“Indeed. I daresay I am in the process of training my palate to the spiciness of that country’s food.” He grinned at Pen.
“All this talk about hot spicy food makes me thirsty. There, take a drink.” Lord Mountroy lifted a finger, and a footman appeared with a tray of champagne glasses. “You will have to excuse me, gentlemen, as I see Lady Mountroy summoning me. Let us talk later about your plans.” He nodded at Alworth and returned to his wife.
Alworth took a glass of champagne and handed it to Pen.
A slim figure separated from the group and tripped towards them.
“Well, would you have it,” Alworth raised his glass. “Miss Mountroy.” He revealed a bright set of teeth and a dimple as he smiled. “Well met.”
She wore an excessively plumed bonnet and nodded at him, so that the entire construct wobbled up and down. “La. Viscount Alworth.” She fluttered her eyelashes at him.

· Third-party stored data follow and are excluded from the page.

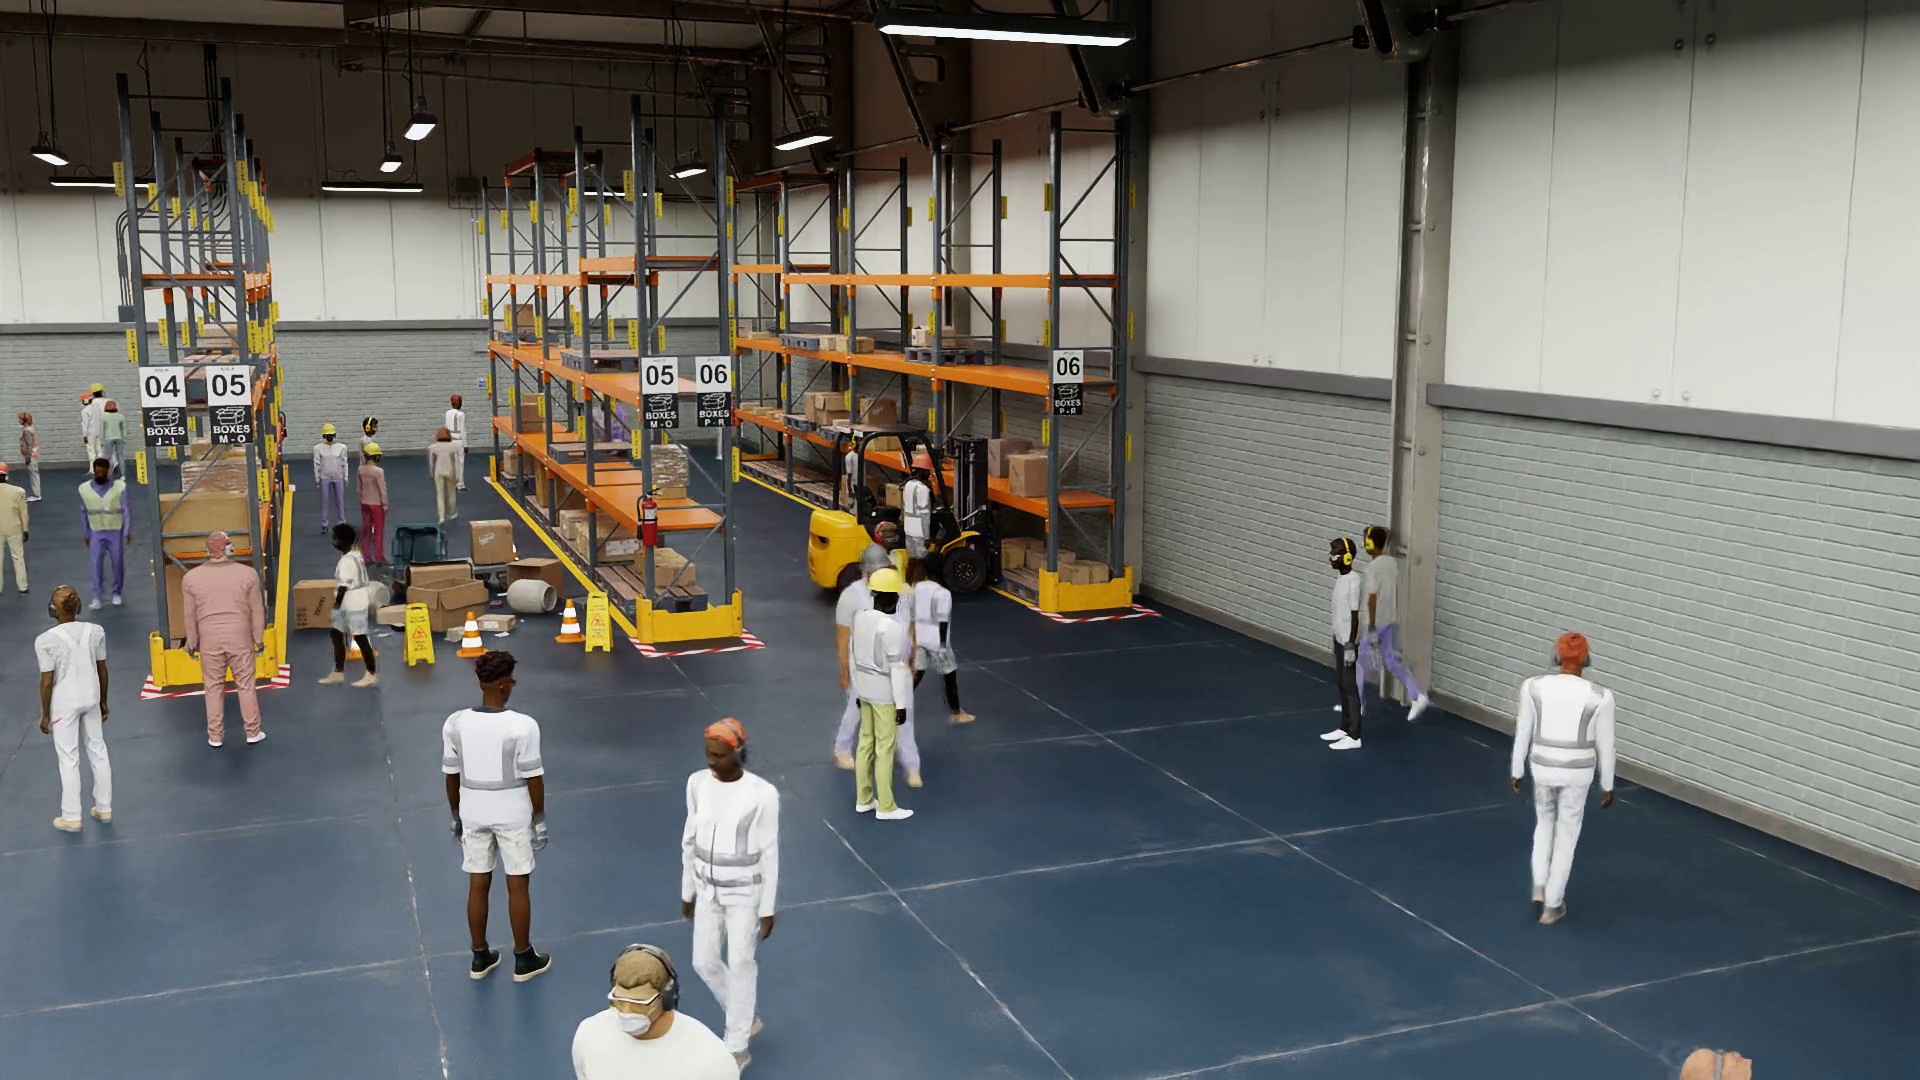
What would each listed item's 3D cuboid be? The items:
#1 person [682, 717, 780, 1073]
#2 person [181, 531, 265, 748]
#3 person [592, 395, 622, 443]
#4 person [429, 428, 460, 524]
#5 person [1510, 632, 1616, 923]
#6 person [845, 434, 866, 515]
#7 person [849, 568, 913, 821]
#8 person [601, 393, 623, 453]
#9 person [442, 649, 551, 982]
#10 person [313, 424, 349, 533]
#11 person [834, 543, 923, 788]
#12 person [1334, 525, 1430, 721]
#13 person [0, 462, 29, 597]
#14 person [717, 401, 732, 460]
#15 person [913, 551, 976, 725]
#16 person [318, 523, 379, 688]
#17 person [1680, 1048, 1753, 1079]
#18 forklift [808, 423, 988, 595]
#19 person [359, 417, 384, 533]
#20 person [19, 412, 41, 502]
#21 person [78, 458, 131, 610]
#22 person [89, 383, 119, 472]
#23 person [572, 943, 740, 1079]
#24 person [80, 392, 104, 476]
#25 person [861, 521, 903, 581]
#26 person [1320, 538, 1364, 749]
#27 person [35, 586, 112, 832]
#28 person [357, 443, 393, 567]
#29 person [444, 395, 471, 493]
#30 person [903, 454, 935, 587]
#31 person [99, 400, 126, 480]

“Miss Letty Mountroy. This is my good friend, Pen Kumari.”
Miss Mountroy’s eyes widened. “The Indian Prince? It has come to our ears that you have made an acquaintance with an Indian Prince.”
By George. She talked like the king. With a lisp. Pen fidgeted uncomfortably. “Er.”
First-rate reply, Pen. Eloquent and sensible. She raked her mind for something more but was rendered speechless by her violet vapid eyes blinking rapidly. Pen wondered whether she had a dust speck in them.
Alworth threw Pen an amused look. “News travels fast.”
“How fascinating,” Miss Mountroy breathed.
Letty Mountroy was every bit as birdwitted as Pen feared she’d be. When she talked, she sounded breathless. She looked like a doll, with wide eyes, pale eyebrows and perfect corkscrew curls. Her smile was pasted on her face. Pen watched her closely. Indeed, there was no depth of emotion at all. Pen wondered what Alworth saw in her. Then she remembered that he’d said precisely that her lack of depth was what he found so attractive.
She watched how he bent over her, listening to her lisping account of the balloon ascent.
Then she batted her eyelashes at Pen.
Pen, who just took a sip of her champagne, swallowed the wrong way and spluttered. “I beg your pardon. If you will excuse me.” She left the tent to cough up the liquid from her air pipe.
“I have never seen an Indian Prince before,” she heard Miss Mountroy tell Alworth. “It is like in a fairy tale, is it not?”
Oh, heavens. How could Alworth bear listening to her?
Pen turned away and watched the crowd. Her gaze was arrested when a well-dressed young man strode across her path. Slim physique, proud head, with a devil-may-care tilt to his chin. Pen dropped the champagne glass. She knew this figure! She’d quarrelled with him daily on the ship. No, it wasn’t Marcus. It was— “Fariq!” she bellowed and elbowed her way through the crowd.
Fariq, Marcus’s valet. Dressed in an excellently tailored suit, plus a turban and a stately beard. Goodness! Fariq with a beard! The last time she’d seen him, he’d been a lanky boy, several years older than herself. Marcus had plucked him from the streets of Bombay and made him his valet. They’d been rivals for his attention.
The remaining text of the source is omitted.